[BRUSSELS] Greek Prime Minister Alexis Tsipras resumed emergency talks with creditors in Brussels Thursday to thrash out a debt deal to save Athens from default, despite having lashed out at lenders for rejecting his reform plans.
Mr Tsipras began a late-night meeting with the heads of the European Commission, International Monetary Fund and European Central Bank, Greece's main bailout monitors, officials said, after seven hours of discussions on Wednesday failed to produce a breakthrough.
Eurozone finance ministers meanwhile halted talks to finalise a deal on releasing further financial aid on Wednesday, saying they did not have enough information to work through the night as planned and that they would start again at 1100 GMT on Thursday.

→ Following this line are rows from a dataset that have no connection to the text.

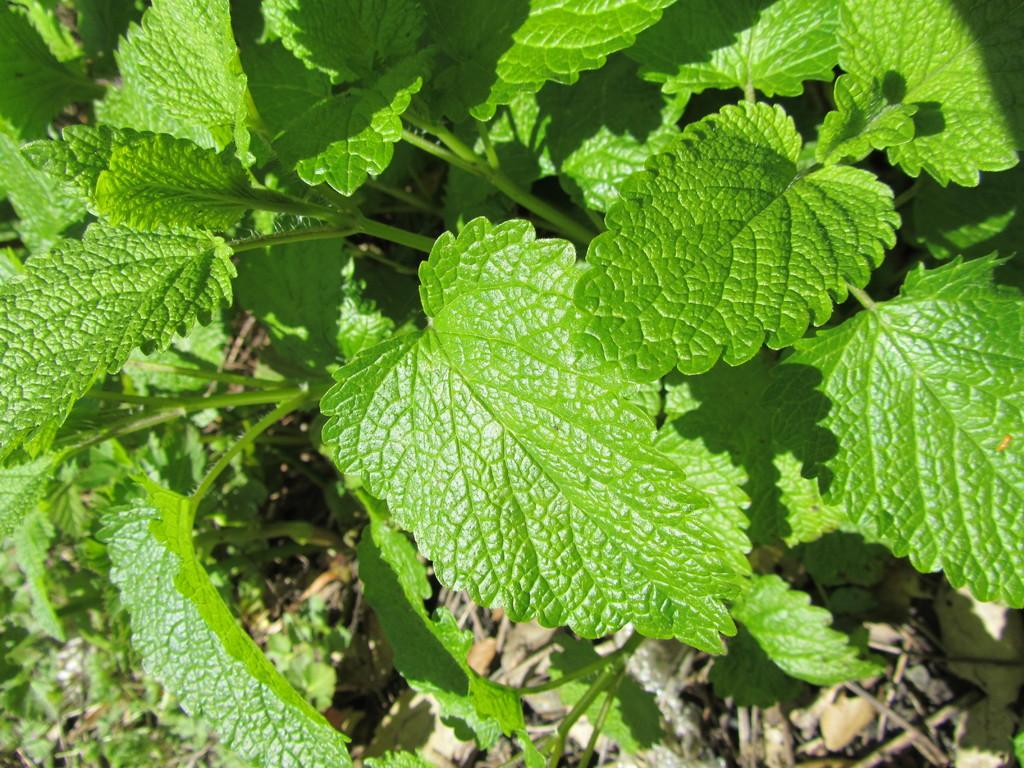What type of plant material is present in the image? There are mint leaves in the image. How many mice can be seen climbing the mint leaves in the image? There are no mice present in the image; it only features mint leaves. What stage of development is the mint plant in the image? The provided facts do not give information about the development stage of the mint leaves. 
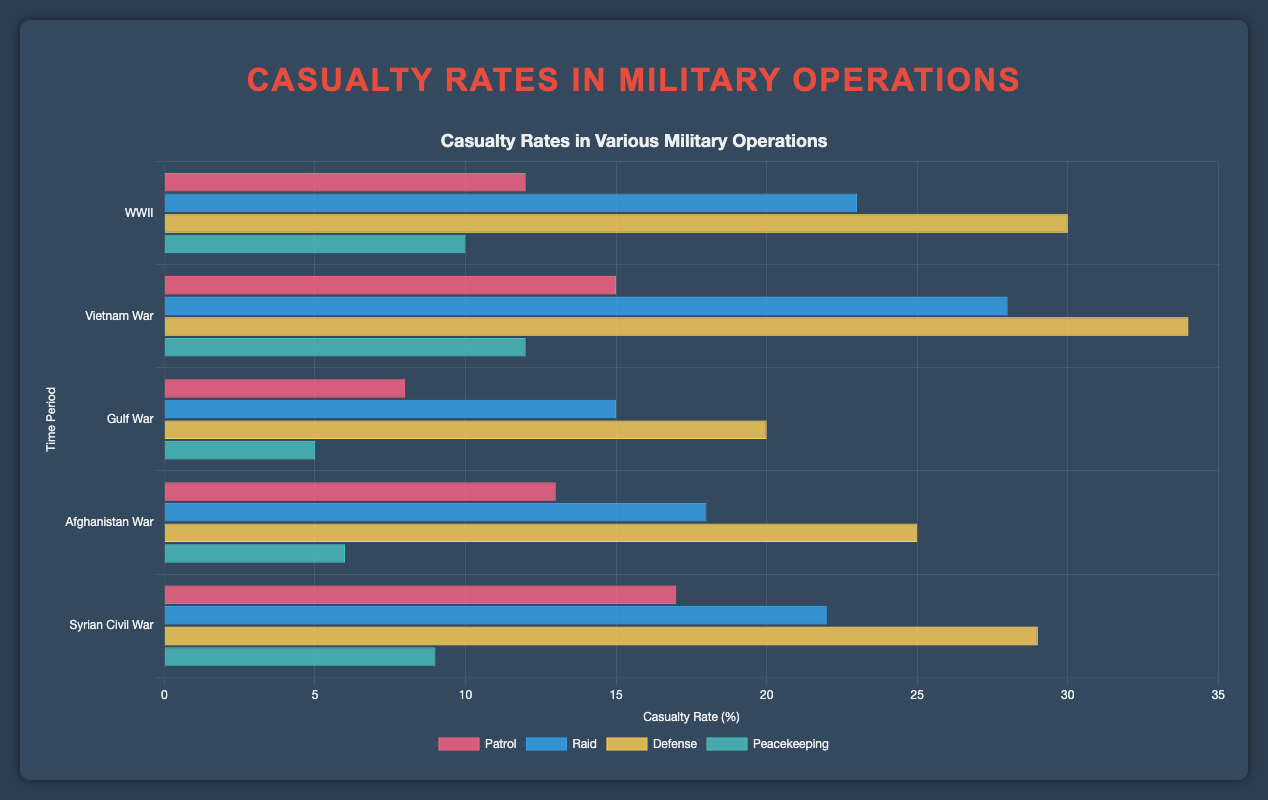Which military operation type had the highest casualty rate during WWII? Look at the bars grouped under WWII. Compare their heights. The bar representing "Defense" is the tallest, indicating the highest casualty rate.
Answer: Defense During which time period did peacekeeping operations have the lowest casualty rate? Examine the bars for "Peacekeeping" across all time periods. The "Gulf War" period has the shortest bar, indicating the lowest casualty rate.
Answer: Gulf War What was the total casualty rate for all operation types during the Vietnam War? Sum the casualty rates for all operation types under the Vietnam War period: 15 (Patrol) + 28 (Raid) + 34 (Defense) + 12 (Peacekeeping) = 89
Answer: 89 How does the casualty rate of patrol operations in the Syrian Civil War compare to that in the Afghanistan War? Locate the bars for "Patrol" in the Syrian Civil War and Afghanistan War periods. The Syrian Civil War bar is taller with a rate of 17, compared to the Afghanistan War's rate of 13.
Answer: Syrian Civil War: 17, Afghanistan War: 13 In which time period was the difference between the casualty rates of Raid and Defense operations the smallest, and what was that difference? Calculate the difference between "Raid" and "Defense" rates for each period: 
- WWII: (30 - 23) = 7
- Vietnam War: (34 - 28) = 6
- Gulf War: (20 - 15) = 5
- Afghanistan War: (25 - 18) = 7
- Syrian Civil War: (29 - 22) = 7
The smallest difference is 5 during the Gulf War.
Answer: Gulf War, 5 What is the average casualty rate for Defense operations across all periods? Calculate the sum of the defense casualty rates and divide by the number of periods: (30+34+20+25+29)/5 = 27.6
Answer: 27.6 Which operation type generally had the lowest casualty rates across all periods? Look at the overall trend for each operation type. The "Peacekeeping" operations generally have the shortest bars across all time periods.
Answer: Peacekeeping What is the sum of the casualty rates for Patrolling and Peacekeeping operations during the Gulf War? Add the casualty rates for "Patrol" and "Peacekeeping" in the Gulf War period: 8 (Patrol) + 5 (Peacekeeping) = 13
Answer: 13 Compare the casualty rate of Defense operations in WWII and the Afghanistan War. Which period had a higher rate and by how much? Compare the heights of the "Defense" bars for WWII (30) and Afghanistan War (25). WWII had a higher rate by 30 - 25 = 5.
Answer: WWII by 5 What is the difference in the casualty rates for Raids between the Vietnam War and the Syrian Civil War? Subtract the "Raid" casualty rate in the Syrian Civil War (22) from that in the Vietnam War (28): 28 - 22 = 6
Answer: 6

Time is running out, with Athens needing the extra bailout cash to avoid defaulting on a huge International Monetary Fund payment on June 30, which could send it crashing out of the eurozone with potentially seismic effects for the world economy.
A European source told AFP there was "hope of an agreement between the (creditor) institutions and Greek authorities" from the talks between Mr Tsipras and the EU-IMF overnight Wednesday-Thursday.
"We have not reached agreement yet, but we are determined to continue our work towards doing what is necessary," Jeroen Dijsselbloem, head of the Eurogroup of finance ministers from the 19-country currency union, told reporters after the talks broke up after around one hour.
The Eurogroup talks, the third in less than a week, are expected to restart at 1100 GMT, aiming to approve a deal that can then be rubberstamped by national leaders who are meeting at a summit of the 28-state European Union on Thursday and Friday.
Eurozone stock markets fell at close, weighed down by renewed concerns about a deal, with Frankfurt dropping 0.62 per cent, Paris sliding 0.24 per cent, Madrid 0.82 per cent lower, Milan down 0.16 per cent and Greece losing 1.77 per cent.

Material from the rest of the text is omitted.